▶ [Exercise directions]: Scan the data below. Pull out each line where "plugins" occurs.

● ● ● ● ●

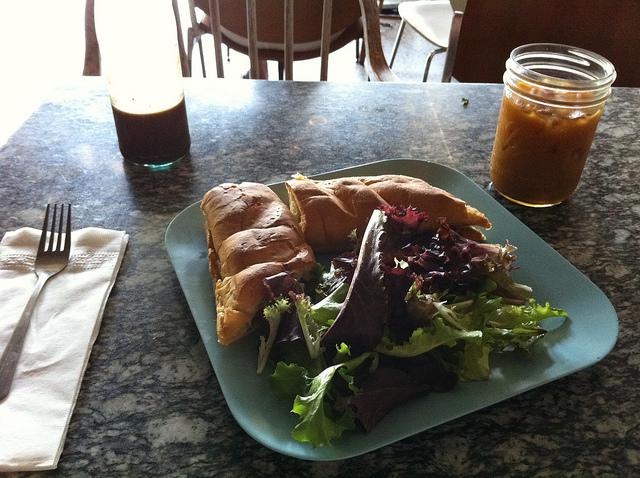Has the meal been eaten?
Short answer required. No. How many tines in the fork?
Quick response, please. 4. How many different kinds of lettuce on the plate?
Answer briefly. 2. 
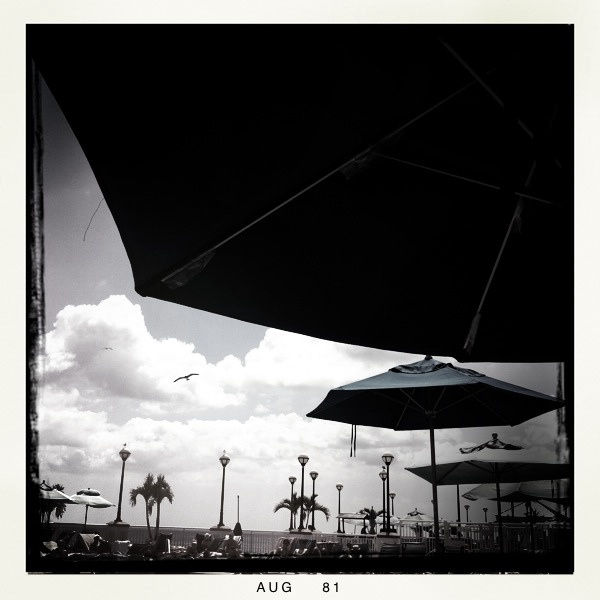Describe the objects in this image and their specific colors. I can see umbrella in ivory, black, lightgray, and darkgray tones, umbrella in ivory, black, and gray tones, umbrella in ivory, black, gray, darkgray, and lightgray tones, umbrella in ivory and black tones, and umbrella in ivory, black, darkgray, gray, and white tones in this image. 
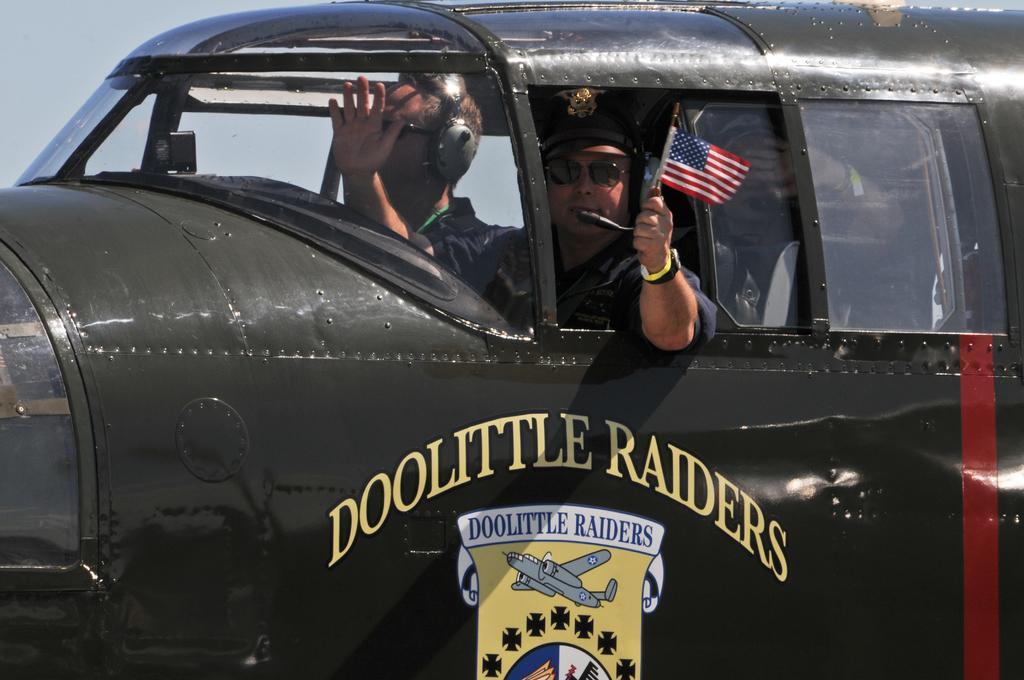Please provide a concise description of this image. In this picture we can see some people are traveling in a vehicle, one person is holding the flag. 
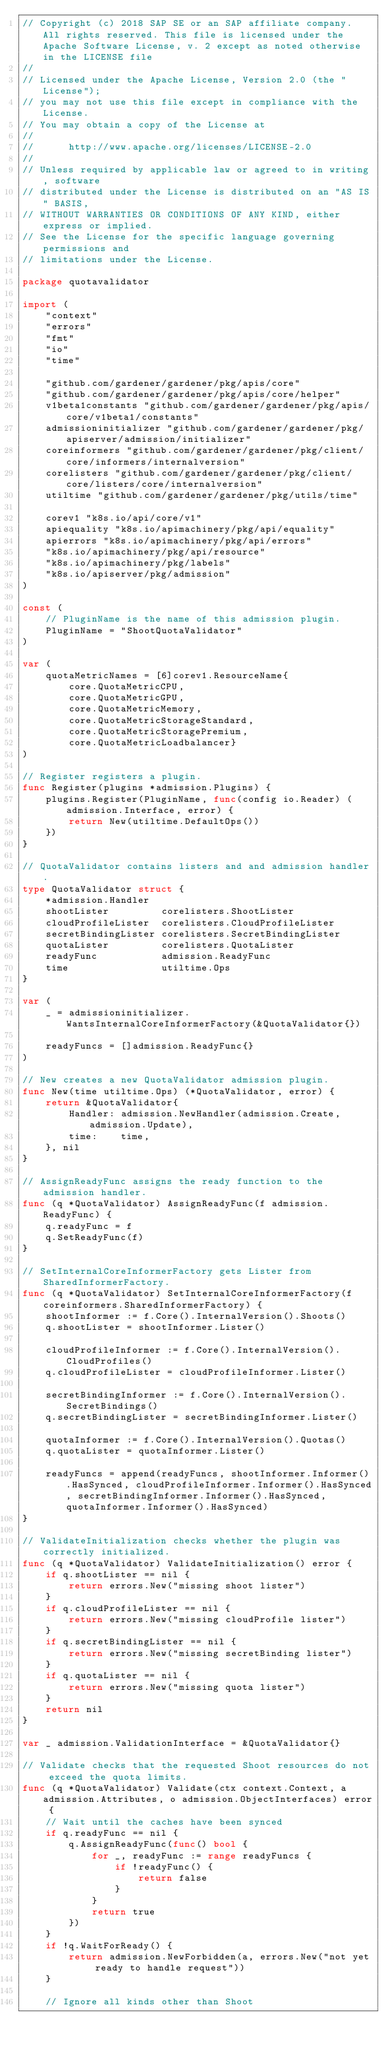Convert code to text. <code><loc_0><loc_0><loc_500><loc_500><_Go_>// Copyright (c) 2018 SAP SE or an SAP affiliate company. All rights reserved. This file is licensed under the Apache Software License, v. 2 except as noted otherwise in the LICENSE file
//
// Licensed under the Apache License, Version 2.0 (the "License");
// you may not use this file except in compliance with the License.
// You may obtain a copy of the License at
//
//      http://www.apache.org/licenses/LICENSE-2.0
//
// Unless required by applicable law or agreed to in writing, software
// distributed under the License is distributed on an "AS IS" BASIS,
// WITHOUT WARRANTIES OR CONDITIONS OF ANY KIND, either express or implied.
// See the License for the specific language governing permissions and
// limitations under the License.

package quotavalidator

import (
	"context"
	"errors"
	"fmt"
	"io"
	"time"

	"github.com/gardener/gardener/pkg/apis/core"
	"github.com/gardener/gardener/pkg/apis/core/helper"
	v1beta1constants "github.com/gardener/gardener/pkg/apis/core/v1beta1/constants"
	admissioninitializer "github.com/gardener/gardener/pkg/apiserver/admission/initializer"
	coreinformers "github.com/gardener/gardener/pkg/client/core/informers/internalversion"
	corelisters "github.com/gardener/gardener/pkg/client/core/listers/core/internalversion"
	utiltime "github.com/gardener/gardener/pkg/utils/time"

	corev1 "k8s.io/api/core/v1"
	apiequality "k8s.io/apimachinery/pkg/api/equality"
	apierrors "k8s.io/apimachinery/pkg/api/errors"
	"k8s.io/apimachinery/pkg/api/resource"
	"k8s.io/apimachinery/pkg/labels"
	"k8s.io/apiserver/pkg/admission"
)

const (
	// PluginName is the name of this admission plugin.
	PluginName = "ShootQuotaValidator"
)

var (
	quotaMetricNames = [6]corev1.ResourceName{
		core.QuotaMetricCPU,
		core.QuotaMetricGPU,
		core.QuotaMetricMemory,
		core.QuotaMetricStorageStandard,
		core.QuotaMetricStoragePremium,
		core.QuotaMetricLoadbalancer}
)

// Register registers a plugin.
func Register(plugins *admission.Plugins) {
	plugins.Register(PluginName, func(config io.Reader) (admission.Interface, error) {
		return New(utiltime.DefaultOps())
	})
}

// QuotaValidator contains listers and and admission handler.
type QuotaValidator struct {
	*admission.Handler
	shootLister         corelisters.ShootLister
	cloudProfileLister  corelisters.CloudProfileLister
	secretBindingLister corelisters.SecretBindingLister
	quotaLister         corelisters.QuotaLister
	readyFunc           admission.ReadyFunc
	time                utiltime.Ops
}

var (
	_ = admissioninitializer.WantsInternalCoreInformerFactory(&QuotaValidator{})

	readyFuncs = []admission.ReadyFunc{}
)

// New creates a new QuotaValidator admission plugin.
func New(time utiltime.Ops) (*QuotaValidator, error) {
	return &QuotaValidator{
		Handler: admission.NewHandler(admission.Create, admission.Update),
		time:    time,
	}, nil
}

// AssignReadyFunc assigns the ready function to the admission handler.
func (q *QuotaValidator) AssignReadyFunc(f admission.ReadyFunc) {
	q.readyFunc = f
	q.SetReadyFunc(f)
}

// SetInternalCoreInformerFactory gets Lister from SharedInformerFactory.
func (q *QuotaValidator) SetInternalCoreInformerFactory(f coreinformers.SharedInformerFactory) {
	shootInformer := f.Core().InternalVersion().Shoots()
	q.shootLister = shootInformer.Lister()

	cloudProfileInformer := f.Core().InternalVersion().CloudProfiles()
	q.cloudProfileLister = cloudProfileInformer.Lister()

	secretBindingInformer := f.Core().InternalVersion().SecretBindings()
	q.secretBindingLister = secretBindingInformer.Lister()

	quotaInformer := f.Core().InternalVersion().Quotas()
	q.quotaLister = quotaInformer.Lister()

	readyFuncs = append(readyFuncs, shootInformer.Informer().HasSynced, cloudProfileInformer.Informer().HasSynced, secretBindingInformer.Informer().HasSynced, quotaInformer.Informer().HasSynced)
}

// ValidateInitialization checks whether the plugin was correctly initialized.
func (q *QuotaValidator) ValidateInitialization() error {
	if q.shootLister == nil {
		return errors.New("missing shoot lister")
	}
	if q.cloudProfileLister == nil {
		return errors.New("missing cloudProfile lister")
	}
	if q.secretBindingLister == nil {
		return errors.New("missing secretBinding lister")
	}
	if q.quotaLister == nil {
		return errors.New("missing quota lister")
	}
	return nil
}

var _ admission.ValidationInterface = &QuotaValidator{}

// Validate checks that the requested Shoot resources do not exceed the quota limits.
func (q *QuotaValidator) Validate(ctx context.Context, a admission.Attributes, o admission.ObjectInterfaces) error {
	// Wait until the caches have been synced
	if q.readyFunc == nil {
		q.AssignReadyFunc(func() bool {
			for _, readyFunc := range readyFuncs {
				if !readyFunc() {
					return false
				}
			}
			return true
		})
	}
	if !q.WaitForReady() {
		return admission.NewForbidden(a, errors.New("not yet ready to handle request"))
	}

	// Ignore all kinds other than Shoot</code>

● ● ● ● ●

▶ [Exercise result]:
func Register(plugins *admission.Plugins) {
	plugins.Register(PluginName, func(config io.Reader) (admission.Interface, error) {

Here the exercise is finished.